▶ [Exercise] Write out all of the records exactly once more and skip the images.

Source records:
------------------------

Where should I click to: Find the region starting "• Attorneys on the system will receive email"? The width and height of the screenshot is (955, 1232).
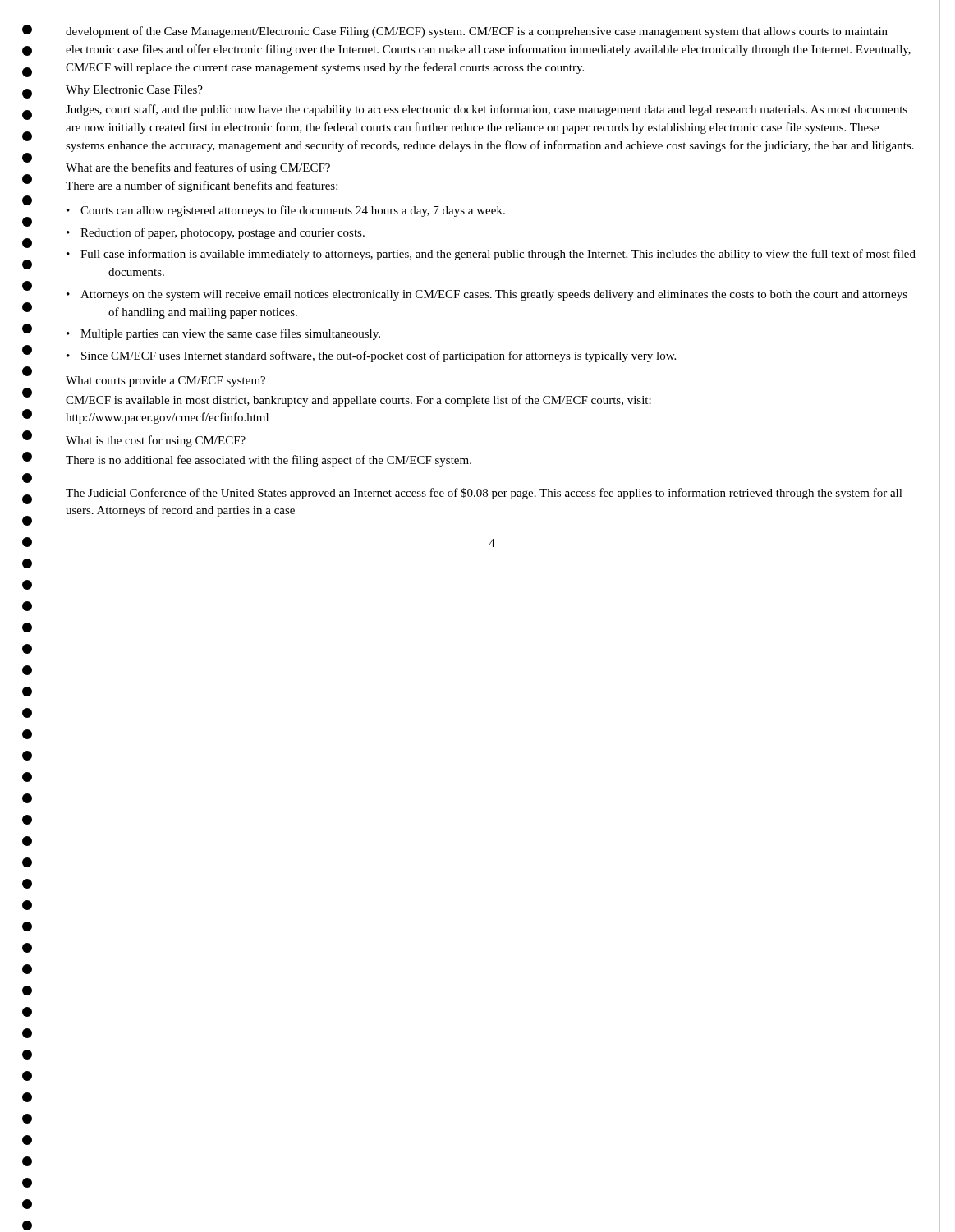click(492, 303)
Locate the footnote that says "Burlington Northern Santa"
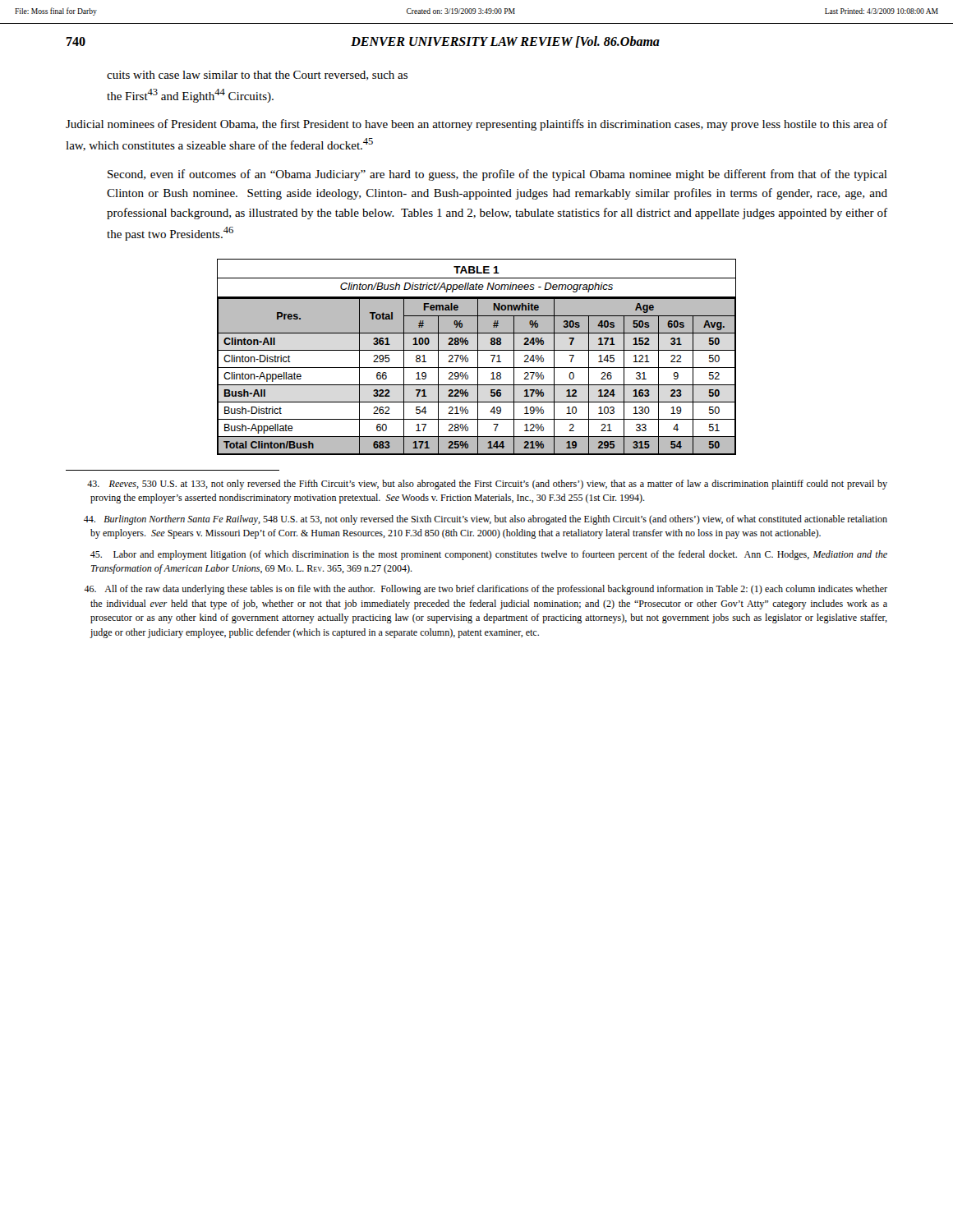Screen dimensions: 1232x953 [x=476, y=526]
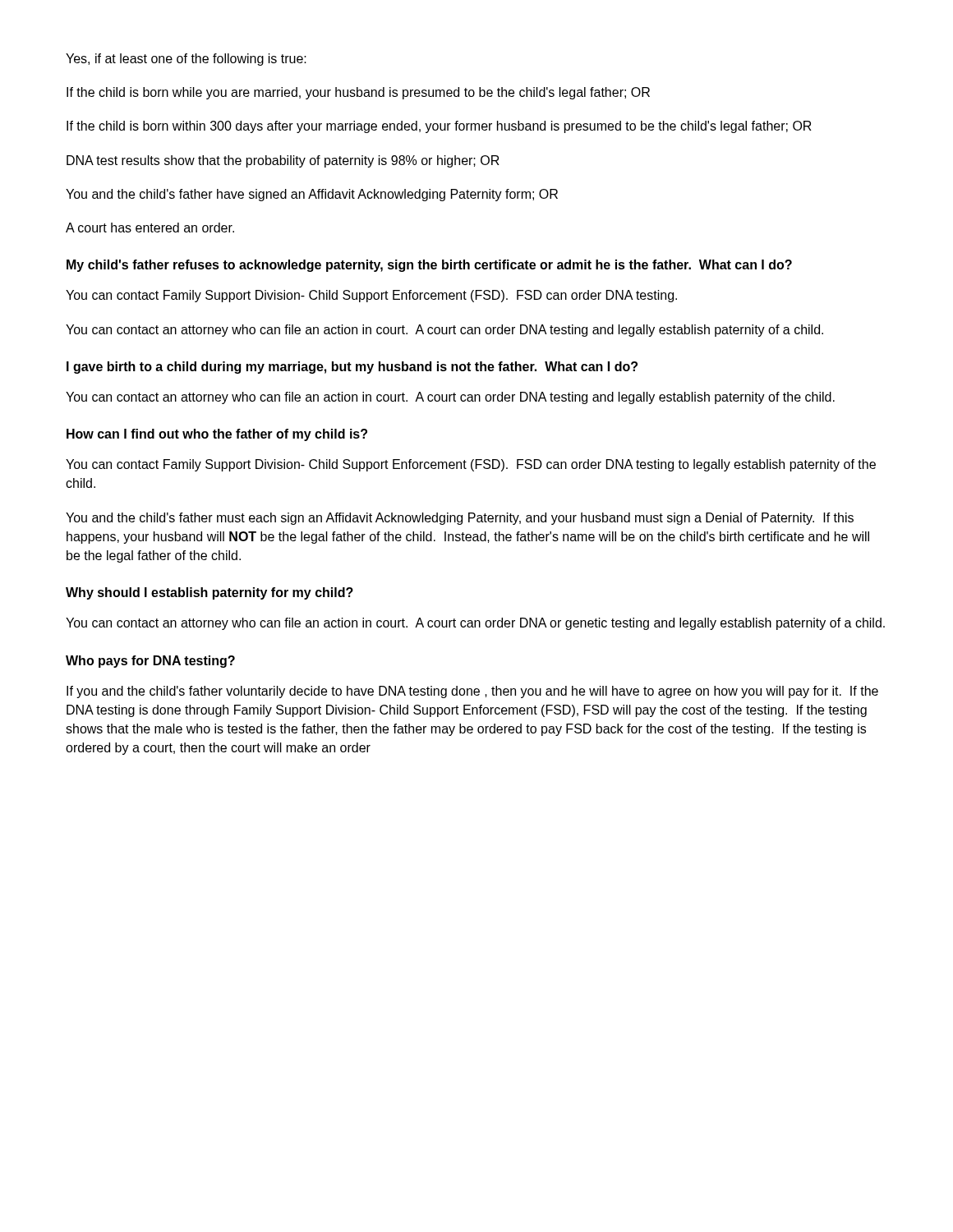The height and width of the screenshot is (1232, 953).
Task: Locate the text that says "A court has entered an order."
Action: point(151,228)
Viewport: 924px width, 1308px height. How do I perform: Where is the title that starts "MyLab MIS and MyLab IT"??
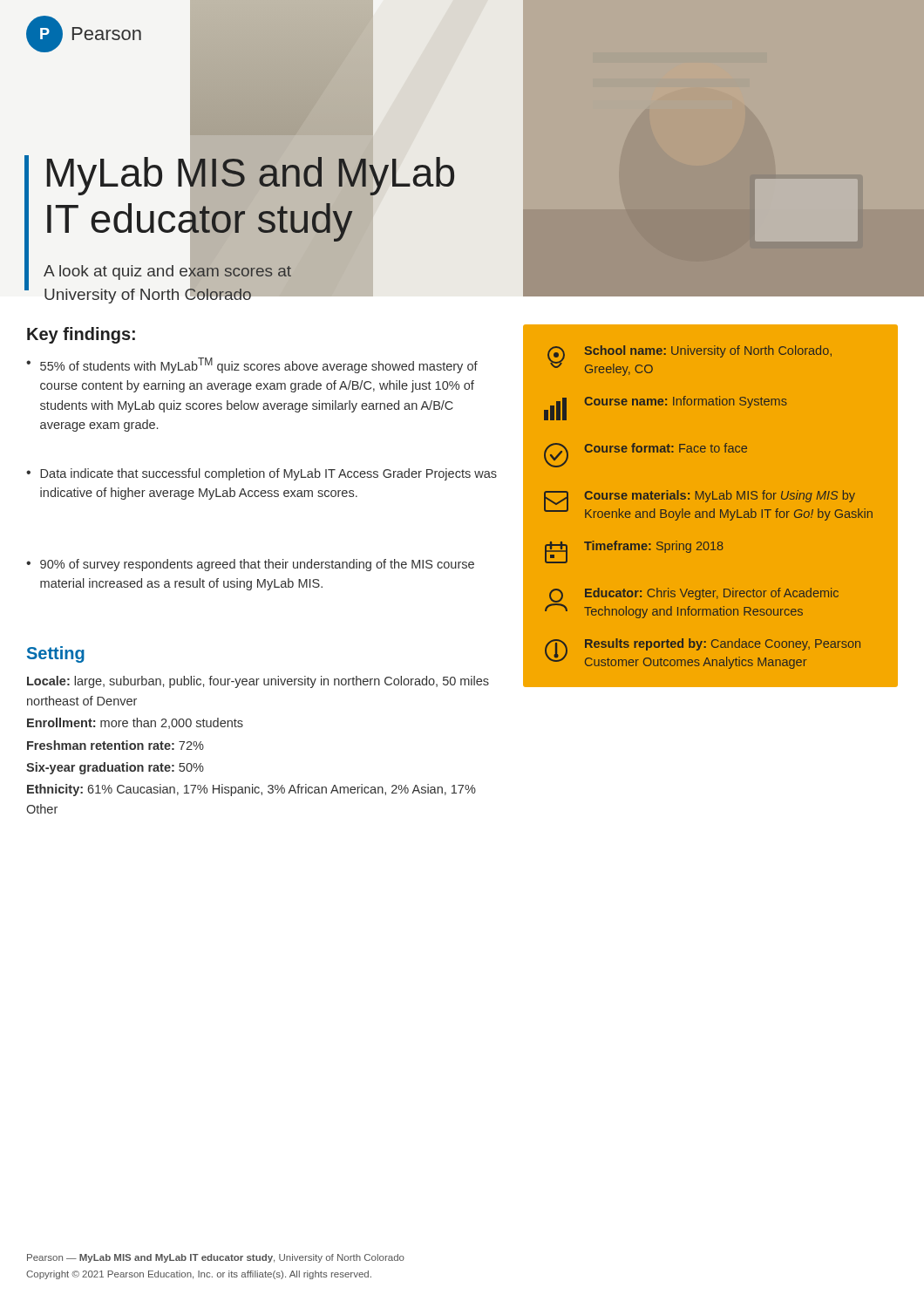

------------------------

▶ [Your solution]
Where should I click to: Find the region starting "• Attorneys on the system will receive email"? The width and height of the screenshot is (955, 1232).
click(492, 303)
Locate the footnote that says "Burlington Northern Santa"
Screen dimensions: 1232x953 [x=476, y=526]
The height and width of the screenshot is (1232, 953).
Task: Locate the text that says "A court has entered an order."
Action: point(151,228)
Viewport: 924px width, 1308px height. How do I perform: Where is the title that starts "MyLab MIS and MyLab IT"??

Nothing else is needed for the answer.